On 11/23/2014 07:04 AM, John Feleppa wrote:
> Dear all,
> Has anyone solved the fourth challenge in Chapter 6 of Michael Dawson's
> book, 'Python Programming for the absolute beginner'?
> The challenge: 'Write a new *computer_move()* function for the Tic-Tac-Toe
> game to plug the hole in the computer's strategy.  See if you can create an
> opponent that is unbeatable!'
> The function is as follows:
> def computer_move(board, computer, human):
>      """Make computer move."""
>      # make a copy to work with since function will be changing list
>      board = board[:]
> *    # the best positions to have, in order*
> *    BEST_MOVES = (4, 0, 2, 6, 8, 1, 3, 5, 7)*
>      print("I shall take square number", end=" ")
>      # if computer can win, take that move
>      for move in legal_moves(board):
>          board[move] = computer
>          if winner(board) == computer:
>              print(move)
>              return move
>          # done checking this move, undo it
>          board[move] = EMPTY
>      # if human can win, block that move
>      for move in legal_moves(board):
>          board[move] = human
>          if winner(board) == human:
>              print(move)
>              return move
>          # done checkin this move, undo it
>          board[move] = EMPTY
>      *# since no one can win on next move, pick best open square*
> *    for move in BEST_MOVES:*
> *        if move in legal_moves(board):*
> *            print(move)*
> *            return move*
> I believe a solution lies in the final lines, which I put in bold, and in
> the BEST_MOVES tuple, which is also in bold.  As in, it looks through the
> list of best moves in order regardless of what move the opponent has made.
> So it just dumbly selects the next item in the tuple instead of responding
> to the opponent's move.  So, for example, the following sequence shows the
> computer's weakness:
> a. the opponent goes first in a corner, in Square 0
> b. the computer picks the centre, in Square 5
> c. the opponent picks the opposite corner, Square 8
> d. the weakness - the computer picks the corner, Square 2, which will be
> easily countered by the opponent going in Square 6, instead of the smarter
> Square 1, which will result in a draw, and not a loss.
> HAS ANYONE SOLVED THIS?  I'd much appreciate help here.

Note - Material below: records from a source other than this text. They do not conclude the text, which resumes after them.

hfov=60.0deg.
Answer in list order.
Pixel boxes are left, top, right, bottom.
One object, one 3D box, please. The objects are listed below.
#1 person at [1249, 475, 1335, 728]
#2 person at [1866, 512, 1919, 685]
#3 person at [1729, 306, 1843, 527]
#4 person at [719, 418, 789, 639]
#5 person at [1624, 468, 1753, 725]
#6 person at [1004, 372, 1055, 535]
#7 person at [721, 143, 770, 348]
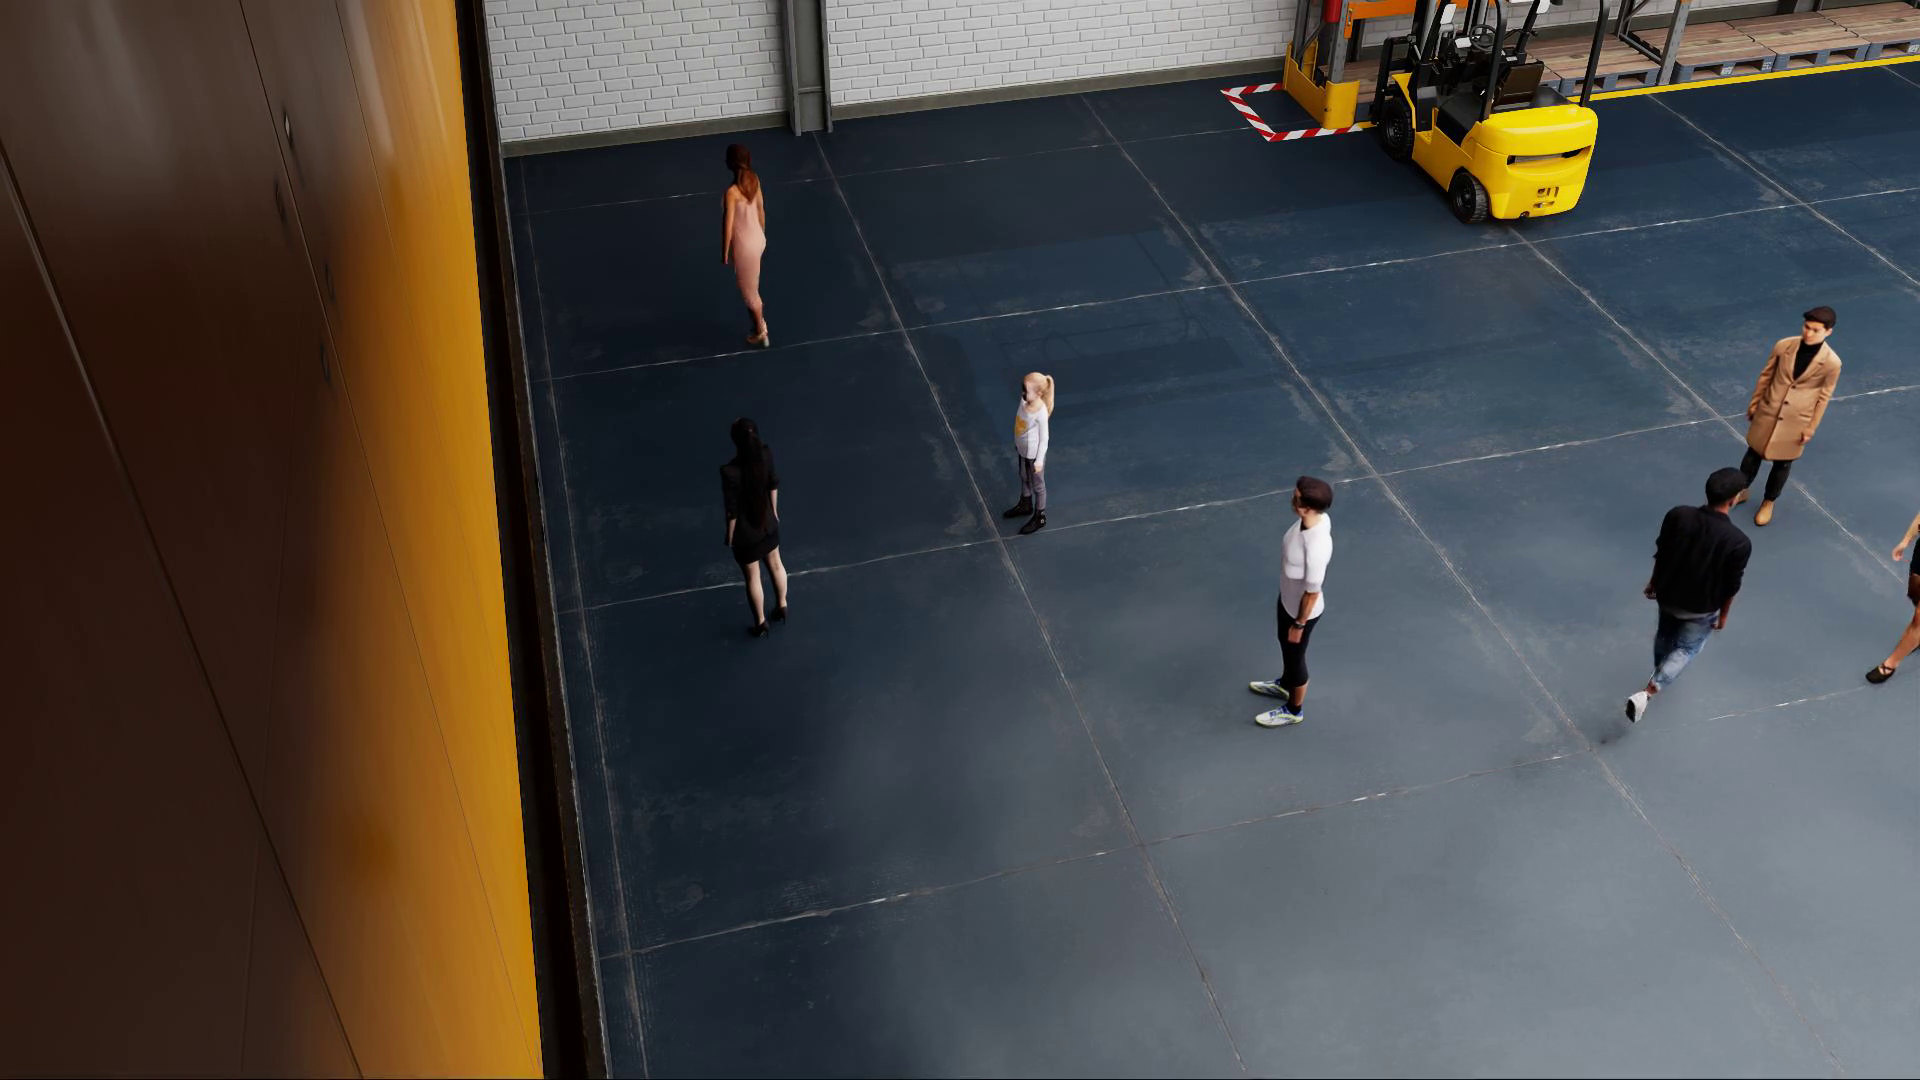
[{"bbox_3d":[2.070,0.366,10.129,0.684,1.849,0.730,3,39,3],"label":"person"},{"bbox_3d":[6.290,0.076,10.540,1.084,1.790,0.833,-18,42,-21],"label":"person"},{"bbox_3d":[5.878,-0.910,11.825,0.754,1.727,0.785,31,48,33],"label":"person"},{"bbox_3d":[-1.332,-0.078,10.809,0.739,1.696,0.630,31,48,33],"label":"person"},{"bbox_3d":[4.416,0.357,10.188,1.175,1.789,0.985,-29,47,-31],"label":"person"},{"bbox_3d":[0.519,-0.646,11.854,0.556,1.279,0.535,-19,42,-22],"label":"person"},{"bbox_3d":[-1.661,-2.364,13.566,0.774,1.826,0.718,19,42,22],"label":"person"}]

I've solved problems similar enough to this one.  Note that once you've 
solved it, the game becomes uninteresting to the other player, as he can 
never win.  Also, every game is repeatable.  To solve these two problems 
it's typical to introduce some randomness and/or some inaccuracy, rather 
than playing perfectly.

A way to greatly improve the odds of winning is to fix the BEST_MOVES 
tuple.  Something like

    BEST_MOVES = (5, 0, 8, 6, 2, 1, 3, 7, 5)

would probably help.

As for a total non-losing strategy, I'd make the function recursive, 
toggling the role of player and computer till there's no choice.  Then 
pick one that the opponent does not win.  Since the total number of 
games isn't that huge, it should be able to iterate through them in a 
reasonable time.  Note that the return value probably should be changed 
to a tuple, indicating who won for a particular call.

If I were then worried about performance, there are many ways to improve 
on it.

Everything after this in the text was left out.